**Activity**
Produce a copy of every line in the records that holds the string "percussion".

#### Source material

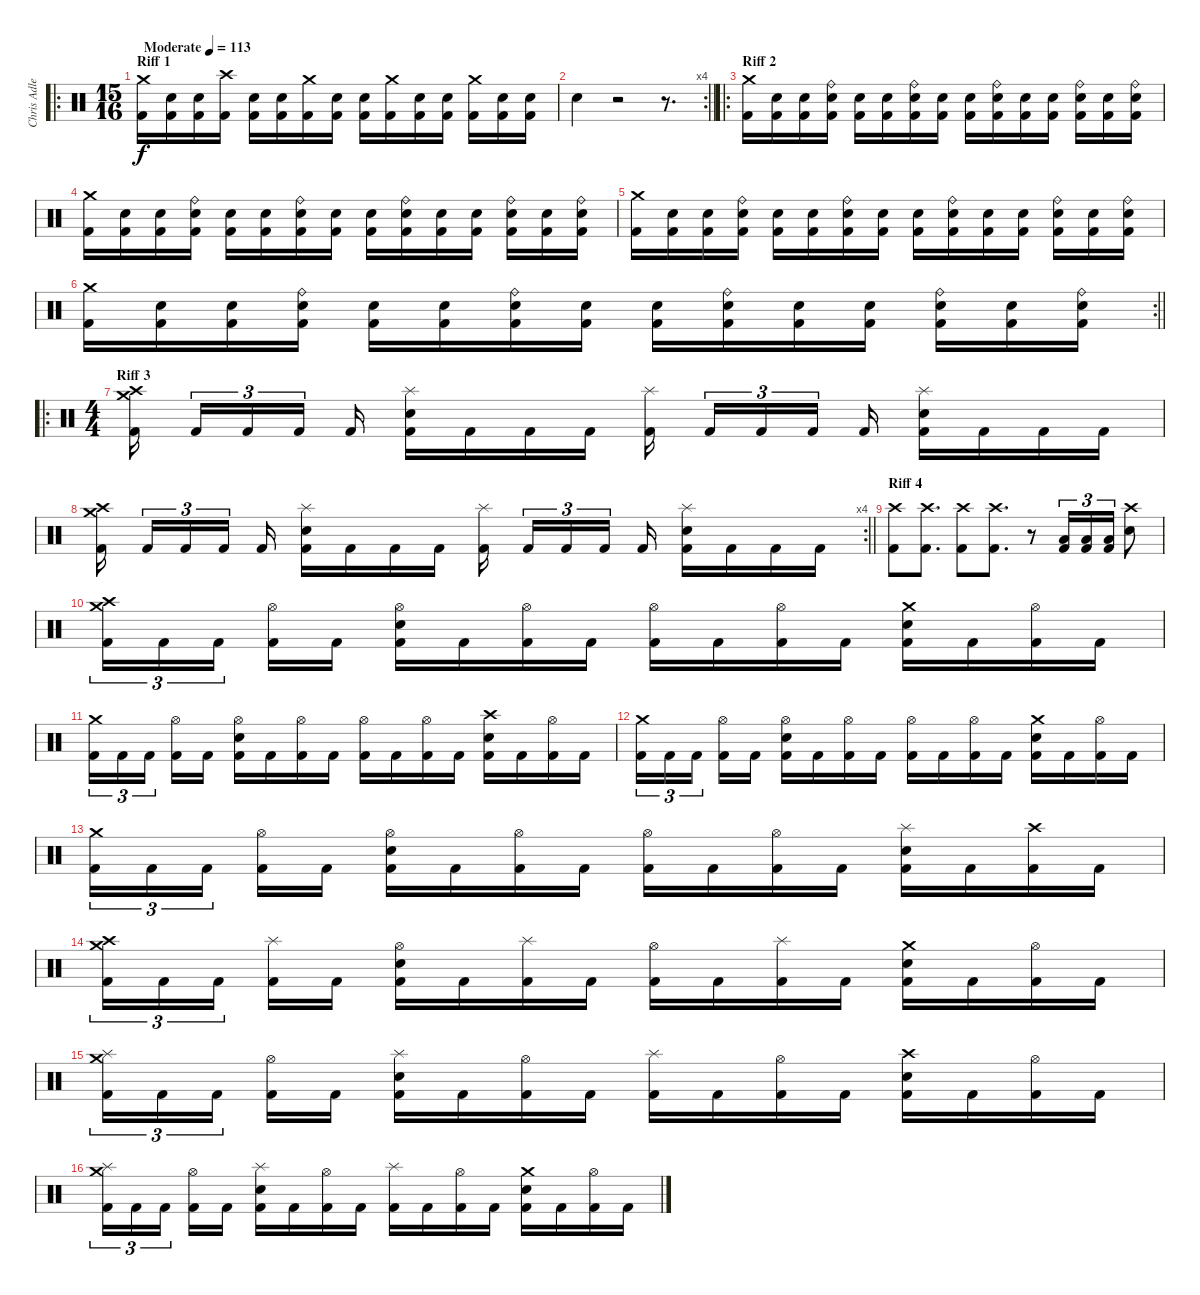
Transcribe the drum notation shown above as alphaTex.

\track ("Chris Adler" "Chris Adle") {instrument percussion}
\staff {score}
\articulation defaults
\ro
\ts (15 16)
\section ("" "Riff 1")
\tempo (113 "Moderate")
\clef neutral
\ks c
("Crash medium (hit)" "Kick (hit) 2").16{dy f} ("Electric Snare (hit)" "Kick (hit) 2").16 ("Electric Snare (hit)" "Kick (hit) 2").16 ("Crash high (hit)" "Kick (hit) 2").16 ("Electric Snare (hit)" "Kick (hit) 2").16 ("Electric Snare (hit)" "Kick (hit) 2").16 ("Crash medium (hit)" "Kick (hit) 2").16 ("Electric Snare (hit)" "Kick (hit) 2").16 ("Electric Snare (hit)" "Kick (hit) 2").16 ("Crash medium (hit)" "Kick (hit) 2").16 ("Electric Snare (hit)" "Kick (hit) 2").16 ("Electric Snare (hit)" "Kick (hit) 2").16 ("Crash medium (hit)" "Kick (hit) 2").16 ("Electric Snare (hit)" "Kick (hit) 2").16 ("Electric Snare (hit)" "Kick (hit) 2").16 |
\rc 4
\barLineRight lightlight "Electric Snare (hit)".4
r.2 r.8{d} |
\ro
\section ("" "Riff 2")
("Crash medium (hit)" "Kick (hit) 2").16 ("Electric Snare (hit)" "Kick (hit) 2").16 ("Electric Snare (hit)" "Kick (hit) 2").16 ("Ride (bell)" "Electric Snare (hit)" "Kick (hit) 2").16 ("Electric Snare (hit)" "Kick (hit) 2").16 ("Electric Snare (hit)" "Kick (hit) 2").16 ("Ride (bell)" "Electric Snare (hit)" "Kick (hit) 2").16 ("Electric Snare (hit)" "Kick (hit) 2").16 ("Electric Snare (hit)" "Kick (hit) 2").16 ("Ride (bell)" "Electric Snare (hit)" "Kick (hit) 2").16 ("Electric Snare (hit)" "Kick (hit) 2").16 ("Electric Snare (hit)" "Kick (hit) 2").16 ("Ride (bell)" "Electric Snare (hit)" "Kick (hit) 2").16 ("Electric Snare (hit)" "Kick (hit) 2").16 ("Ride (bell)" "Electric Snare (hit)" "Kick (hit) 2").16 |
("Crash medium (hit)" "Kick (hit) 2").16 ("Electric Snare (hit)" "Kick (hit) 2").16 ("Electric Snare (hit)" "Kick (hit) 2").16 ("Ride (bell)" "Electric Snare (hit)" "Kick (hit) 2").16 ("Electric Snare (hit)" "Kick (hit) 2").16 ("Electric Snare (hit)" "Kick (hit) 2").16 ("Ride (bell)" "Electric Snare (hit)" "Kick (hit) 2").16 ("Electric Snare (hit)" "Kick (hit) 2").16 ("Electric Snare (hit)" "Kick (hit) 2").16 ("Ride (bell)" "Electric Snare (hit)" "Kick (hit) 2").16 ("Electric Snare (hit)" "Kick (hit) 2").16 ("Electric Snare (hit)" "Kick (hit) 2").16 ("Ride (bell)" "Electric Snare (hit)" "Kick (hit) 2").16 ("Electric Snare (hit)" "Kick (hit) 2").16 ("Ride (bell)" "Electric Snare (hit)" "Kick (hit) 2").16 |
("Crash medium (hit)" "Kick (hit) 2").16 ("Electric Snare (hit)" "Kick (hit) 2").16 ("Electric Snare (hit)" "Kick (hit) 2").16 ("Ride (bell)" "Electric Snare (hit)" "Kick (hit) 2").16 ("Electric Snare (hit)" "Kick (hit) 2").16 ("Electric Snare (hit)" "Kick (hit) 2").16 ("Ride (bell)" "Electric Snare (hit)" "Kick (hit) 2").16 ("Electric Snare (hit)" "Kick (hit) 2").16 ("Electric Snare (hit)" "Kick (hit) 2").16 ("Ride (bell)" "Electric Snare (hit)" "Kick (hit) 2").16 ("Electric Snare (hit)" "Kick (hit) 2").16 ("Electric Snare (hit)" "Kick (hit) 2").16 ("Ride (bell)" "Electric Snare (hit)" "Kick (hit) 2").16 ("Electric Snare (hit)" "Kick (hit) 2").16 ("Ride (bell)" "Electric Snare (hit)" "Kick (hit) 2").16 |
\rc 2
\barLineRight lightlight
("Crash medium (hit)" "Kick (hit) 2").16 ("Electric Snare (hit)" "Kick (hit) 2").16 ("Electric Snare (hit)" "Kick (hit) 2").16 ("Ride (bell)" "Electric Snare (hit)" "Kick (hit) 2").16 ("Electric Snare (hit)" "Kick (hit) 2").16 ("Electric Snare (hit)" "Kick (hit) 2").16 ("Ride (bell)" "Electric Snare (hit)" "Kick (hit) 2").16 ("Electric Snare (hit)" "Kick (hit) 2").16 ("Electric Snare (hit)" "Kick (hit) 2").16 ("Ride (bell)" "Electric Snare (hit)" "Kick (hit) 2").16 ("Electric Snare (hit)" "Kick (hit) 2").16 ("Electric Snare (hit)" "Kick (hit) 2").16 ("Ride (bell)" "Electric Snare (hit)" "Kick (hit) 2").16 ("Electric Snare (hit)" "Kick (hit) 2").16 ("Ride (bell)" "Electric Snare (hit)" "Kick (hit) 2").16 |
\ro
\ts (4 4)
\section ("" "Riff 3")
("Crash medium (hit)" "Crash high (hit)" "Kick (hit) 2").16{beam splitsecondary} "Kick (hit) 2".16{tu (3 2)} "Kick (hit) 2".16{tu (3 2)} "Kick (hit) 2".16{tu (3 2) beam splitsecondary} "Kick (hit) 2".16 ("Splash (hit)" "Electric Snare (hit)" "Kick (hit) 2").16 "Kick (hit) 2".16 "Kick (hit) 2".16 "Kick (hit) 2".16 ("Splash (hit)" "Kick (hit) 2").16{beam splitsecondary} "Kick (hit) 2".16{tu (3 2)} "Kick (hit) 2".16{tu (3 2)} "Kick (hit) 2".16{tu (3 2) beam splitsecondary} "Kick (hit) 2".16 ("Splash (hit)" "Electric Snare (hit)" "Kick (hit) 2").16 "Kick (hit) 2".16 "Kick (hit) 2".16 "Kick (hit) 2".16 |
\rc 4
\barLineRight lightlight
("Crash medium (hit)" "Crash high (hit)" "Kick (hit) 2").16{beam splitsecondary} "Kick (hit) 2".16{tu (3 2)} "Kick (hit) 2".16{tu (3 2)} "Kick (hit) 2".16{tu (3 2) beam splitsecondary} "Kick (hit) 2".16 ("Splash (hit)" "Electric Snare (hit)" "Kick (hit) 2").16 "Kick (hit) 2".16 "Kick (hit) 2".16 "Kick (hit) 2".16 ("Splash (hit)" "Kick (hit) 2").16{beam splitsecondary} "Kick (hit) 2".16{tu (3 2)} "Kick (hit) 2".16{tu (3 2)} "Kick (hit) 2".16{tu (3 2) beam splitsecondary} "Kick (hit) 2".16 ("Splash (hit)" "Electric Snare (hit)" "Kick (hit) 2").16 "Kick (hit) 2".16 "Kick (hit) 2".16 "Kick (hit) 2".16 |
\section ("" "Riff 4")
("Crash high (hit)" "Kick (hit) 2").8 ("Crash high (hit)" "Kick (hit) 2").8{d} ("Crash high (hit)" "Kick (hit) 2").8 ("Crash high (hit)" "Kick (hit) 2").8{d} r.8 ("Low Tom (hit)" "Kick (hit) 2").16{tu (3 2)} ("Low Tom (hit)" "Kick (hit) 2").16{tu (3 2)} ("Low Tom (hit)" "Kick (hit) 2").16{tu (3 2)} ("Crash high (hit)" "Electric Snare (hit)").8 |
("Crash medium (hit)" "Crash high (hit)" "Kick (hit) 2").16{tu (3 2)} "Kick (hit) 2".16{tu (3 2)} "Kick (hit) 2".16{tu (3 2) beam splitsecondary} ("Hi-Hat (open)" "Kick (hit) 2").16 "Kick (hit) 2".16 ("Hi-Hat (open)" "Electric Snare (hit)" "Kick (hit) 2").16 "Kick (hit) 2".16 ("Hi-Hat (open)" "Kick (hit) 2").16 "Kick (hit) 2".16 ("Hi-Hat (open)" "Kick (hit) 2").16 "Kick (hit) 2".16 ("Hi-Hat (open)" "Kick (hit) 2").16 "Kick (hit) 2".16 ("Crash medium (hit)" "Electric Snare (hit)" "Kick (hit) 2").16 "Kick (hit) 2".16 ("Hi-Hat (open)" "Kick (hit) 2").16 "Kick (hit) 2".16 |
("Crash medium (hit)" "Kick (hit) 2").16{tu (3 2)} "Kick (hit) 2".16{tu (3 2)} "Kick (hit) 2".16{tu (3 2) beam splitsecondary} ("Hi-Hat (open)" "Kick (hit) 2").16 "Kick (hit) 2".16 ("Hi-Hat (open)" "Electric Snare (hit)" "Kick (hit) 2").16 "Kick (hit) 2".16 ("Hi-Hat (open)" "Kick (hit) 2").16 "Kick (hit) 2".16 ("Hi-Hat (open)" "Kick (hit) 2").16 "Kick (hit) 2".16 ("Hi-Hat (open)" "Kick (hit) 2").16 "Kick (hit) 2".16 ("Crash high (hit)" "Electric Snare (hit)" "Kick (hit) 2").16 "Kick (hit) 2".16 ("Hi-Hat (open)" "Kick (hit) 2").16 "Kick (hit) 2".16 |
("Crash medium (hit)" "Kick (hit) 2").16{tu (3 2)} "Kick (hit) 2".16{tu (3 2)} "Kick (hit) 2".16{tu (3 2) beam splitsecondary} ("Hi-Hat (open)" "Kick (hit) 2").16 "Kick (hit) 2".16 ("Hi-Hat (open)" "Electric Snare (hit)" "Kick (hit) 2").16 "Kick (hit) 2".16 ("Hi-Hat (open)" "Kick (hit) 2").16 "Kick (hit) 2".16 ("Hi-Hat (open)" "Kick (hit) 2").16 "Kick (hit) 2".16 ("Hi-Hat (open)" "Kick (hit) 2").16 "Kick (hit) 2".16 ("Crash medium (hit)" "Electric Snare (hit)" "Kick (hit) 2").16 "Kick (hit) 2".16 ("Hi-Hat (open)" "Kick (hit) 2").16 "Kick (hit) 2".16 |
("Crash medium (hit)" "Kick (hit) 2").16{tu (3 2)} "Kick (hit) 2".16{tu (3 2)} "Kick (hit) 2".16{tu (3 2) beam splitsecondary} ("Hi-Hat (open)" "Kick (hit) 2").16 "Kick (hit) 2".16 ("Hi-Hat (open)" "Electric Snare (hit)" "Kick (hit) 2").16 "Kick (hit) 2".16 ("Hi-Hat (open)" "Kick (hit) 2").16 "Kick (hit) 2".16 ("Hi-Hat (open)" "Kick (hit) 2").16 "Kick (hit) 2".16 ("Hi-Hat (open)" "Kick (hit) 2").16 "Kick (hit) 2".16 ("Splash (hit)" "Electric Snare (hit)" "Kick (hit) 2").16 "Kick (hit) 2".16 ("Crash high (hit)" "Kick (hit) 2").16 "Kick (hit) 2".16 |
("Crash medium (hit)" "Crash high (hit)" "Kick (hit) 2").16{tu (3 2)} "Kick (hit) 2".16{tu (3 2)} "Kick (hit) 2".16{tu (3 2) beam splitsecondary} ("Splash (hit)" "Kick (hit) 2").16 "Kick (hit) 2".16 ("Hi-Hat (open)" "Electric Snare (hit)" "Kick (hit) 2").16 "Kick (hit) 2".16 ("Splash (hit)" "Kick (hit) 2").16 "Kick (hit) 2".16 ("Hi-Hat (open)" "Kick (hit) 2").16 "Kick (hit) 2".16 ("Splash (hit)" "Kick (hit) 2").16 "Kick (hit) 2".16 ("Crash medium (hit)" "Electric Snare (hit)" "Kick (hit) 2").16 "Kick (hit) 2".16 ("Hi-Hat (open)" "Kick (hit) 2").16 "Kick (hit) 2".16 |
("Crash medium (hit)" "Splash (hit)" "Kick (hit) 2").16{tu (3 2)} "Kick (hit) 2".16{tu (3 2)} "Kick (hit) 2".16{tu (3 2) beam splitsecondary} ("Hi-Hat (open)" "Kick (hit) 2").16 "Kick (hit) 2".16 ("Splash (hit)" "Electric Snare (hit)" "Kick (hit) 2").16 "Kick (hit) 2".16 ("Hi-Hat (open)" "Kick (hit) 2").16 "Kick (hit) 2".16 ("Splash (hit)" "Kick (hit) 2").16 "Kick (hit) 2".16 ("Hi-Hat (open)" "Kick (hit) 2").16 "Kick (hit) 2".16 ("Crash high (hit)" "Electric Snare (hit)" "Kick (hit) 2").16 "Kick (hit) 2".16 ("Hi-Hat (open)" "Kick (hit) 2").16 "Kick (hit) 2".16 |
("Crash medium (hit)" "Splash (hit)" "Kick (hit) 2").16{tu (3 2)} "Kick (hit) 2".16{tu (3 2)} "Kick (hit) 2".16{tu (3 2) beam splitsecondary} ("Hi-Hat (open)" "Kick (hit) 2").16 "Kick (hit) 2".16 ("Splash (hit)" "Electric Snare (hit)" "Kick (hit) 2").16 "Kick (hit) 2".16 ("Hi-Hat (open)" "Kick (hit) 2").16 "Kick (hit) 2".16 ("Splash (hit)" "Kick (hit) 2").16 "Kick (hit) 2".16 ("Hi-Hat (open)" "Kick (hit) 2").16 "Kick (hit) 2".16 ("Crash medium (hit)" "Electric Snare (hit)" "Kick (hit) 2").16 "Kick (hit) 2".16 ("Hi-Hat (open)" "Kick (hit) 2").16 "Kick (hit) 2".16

########
#### Source material

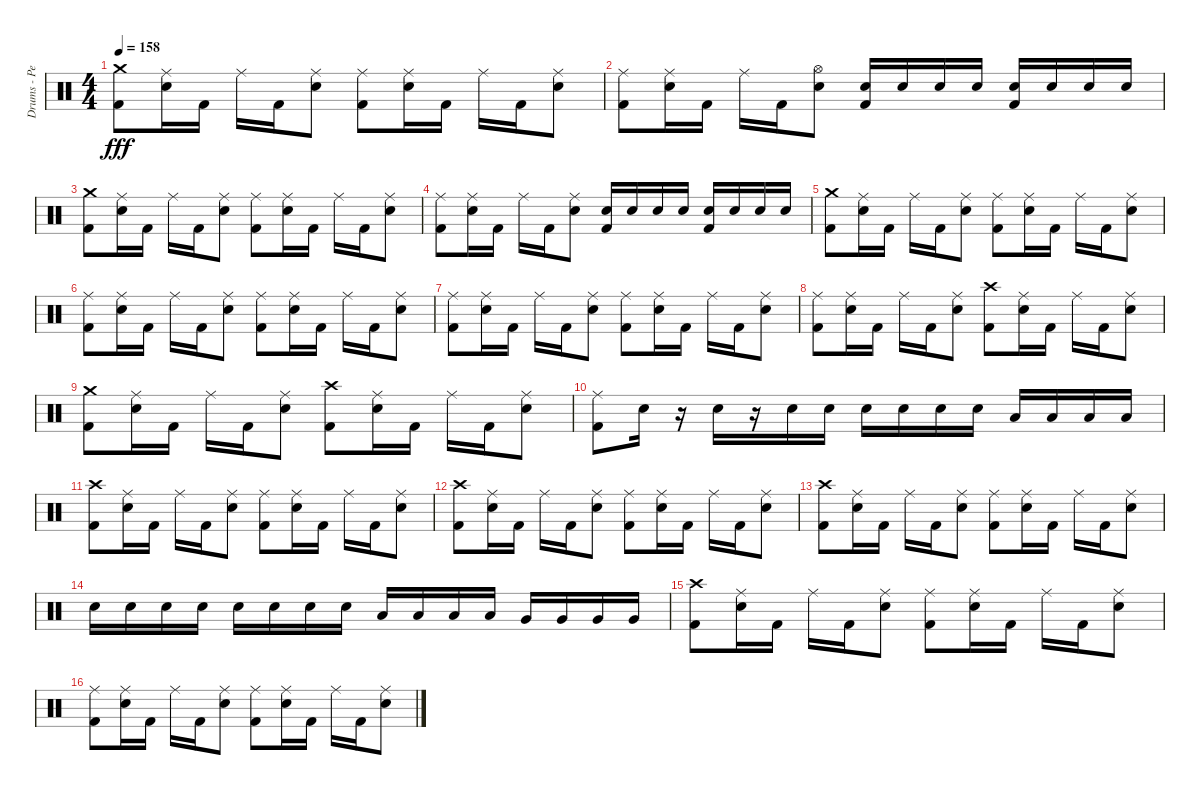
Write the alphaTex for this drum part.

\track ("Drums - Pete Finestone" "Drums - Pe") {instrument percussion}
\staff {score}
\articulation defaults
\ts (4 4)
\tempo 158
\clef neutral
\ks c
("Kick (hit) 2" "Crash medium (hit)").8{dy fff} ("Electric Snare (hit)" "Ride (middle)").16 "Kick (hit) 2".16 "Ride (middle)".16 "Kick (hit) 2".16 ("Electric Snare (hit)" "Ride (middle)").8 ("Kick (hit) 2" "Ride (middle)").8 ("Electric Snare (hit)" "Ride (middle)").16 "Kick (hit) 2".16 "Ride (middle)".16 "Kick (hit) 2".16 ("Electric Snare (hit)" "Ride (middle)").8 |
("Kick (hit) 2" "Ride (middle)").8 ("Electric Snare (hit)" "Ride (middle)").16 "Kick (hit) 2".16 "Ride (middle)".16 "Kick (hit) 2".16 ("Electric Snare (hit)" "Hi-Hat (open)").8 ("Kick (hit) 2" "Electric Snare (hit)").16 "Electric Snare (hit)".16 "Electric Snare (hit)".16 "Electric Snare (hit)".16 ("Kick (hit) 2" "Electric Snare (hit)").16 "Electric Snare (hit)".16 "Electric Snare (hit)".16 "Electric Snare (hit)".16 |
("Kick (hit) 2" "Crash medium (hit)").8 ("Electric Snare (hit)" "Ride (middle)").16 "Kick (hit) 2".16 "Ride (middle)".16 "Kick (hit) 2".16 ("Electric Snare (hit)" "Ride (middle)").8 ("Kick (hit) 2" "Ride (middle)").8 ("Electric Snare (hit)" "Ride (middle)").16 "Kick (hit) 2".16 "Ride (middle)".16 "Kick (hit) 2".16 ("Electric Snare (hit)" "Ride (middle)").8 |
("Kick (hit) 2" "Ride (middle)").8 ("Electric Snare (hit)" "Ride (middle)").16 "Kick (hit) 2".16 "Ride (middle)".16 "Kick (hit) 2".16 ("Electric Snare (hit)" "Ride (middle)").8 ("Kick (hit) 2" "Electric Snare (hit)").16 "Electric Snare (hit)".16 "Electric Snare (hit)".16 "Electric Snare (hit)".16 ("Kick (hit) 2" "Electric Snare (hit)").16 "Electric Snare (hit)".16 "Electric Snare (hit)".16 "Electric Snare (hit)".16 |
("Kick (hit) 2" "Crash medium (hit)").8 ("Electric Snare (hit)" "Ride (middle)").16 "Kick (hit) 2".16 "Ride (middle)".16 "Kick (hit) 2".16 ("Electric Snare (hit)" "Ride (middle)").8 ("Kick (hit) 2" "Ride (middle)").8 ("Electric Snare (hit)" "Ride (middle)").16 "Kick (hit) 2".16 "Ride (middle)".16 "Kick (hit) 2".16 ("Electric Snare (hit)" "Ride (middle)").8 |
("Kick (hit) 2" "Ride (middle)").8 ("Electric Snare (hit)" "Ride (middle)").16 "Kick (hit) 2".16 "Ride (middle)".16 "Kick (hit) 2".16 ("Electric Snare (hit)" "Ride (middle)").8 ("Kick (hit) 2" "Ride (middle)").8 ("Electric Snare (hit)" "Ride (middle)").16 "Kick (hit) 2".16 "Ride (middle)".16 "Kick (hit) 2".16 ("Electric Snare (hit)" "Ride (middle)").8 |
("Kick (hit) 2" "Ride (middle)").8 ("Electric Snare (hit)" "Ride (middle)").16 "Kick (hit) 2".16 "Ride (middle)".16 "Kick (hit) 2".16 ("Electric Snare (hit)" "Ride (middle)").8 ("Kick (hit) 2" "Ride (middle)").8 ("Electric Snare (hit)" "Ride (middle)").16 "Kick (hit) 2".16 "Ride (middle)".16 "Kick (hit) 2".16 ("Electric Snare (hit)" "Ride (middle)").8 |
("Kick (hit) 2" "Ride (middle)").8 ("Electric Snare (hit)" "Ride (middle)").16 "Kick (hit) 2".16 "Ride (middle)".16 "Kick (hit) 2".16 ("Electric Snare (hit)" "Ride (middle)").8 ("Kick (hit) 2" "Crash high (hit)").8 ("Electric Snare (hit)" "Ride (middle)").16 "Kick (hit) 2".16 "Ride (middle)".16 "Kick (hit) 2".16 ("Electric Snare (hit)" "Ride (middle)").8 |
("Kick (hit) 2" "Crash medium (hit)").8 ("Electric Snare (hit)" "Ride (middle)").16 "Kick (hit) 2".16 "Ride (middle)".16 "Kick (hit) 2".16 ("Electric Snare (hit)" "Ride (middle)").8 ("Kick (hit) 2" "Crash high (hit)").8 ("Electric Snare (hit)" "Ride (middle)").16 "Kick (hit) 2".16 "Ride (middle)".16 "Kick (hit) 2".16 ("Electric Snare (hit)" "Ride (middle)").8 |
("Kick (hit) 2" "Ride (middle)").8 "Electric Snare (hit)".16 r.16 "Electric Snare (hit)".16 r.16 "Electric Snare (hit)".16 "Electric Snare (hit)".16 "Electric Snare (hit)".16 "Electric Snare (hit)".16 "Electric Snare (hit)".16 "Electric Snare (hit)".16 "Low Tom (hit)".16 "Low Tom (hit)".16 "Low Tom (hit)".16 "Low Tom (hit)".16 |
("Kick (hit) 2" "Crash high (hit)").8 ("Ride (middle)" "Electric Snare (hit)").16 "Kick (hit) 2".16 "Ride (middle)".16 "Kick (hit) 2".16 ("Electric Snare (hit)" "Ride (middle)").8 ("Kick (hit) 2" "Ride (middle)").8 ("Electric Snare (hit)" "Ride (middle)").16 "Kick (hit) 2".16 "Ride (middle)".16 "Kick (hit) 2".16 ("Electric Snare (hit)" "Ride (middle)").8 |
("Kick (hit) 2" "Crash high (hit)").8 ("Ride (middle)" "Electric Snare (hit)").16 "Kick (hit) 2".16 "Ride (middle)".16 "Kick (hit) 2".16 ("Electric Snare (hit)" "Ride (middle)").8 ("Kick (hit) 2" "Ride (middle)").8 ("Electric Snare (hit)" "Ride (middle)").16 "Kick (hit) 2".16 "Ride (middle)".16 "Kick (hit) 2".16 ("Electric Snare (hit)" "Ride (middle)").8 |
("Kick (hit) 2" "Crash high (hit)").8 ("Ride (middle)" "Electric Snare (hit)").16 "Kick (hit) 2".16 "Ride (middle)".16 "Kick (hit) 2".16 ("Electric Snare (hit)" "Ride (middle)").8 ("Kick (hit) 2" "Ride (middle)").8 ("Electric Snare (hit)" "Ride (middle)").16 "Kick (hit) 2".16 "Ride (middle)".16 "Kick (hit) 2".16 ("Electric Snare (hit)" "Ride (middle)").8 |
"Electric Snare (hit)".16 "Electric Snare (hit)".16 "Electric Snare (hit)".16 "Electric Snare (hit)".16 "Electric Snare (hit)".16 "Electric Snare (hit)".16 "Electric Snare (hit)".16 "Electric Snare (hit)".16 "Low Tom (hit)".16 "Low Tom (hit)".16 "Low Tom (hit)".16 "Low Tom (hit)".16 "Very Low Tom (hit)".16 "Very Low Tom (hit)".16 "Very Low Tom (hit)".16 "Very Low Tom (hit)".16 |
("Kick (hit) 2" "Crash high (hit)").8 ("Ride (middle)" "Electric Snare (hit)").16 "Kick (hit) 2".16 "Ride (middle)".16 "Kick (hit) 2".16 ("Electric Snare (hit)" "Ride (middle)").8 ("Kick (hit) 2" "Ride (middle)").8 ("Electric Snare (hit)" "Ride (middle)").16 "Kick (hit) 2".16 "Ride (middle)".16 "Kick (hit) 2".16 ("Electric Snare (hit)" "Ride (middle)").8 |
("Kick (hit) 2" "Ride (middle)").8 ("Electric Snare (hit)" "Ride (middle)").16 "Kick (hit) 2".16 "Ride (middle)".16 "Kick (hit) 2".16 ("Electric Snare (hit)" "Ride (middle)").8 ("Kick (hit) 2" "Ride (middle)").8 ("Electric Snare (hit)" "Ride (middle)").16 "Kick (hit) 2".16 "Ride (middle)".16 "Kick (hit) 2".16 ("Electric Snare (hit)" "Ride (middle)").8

########

**Response**
\track ("Chris Adler" "Chris Adle") {instrument percussion}
\track ("Drums - Pete Finestone" "Drums - Pe") {instrument percussion}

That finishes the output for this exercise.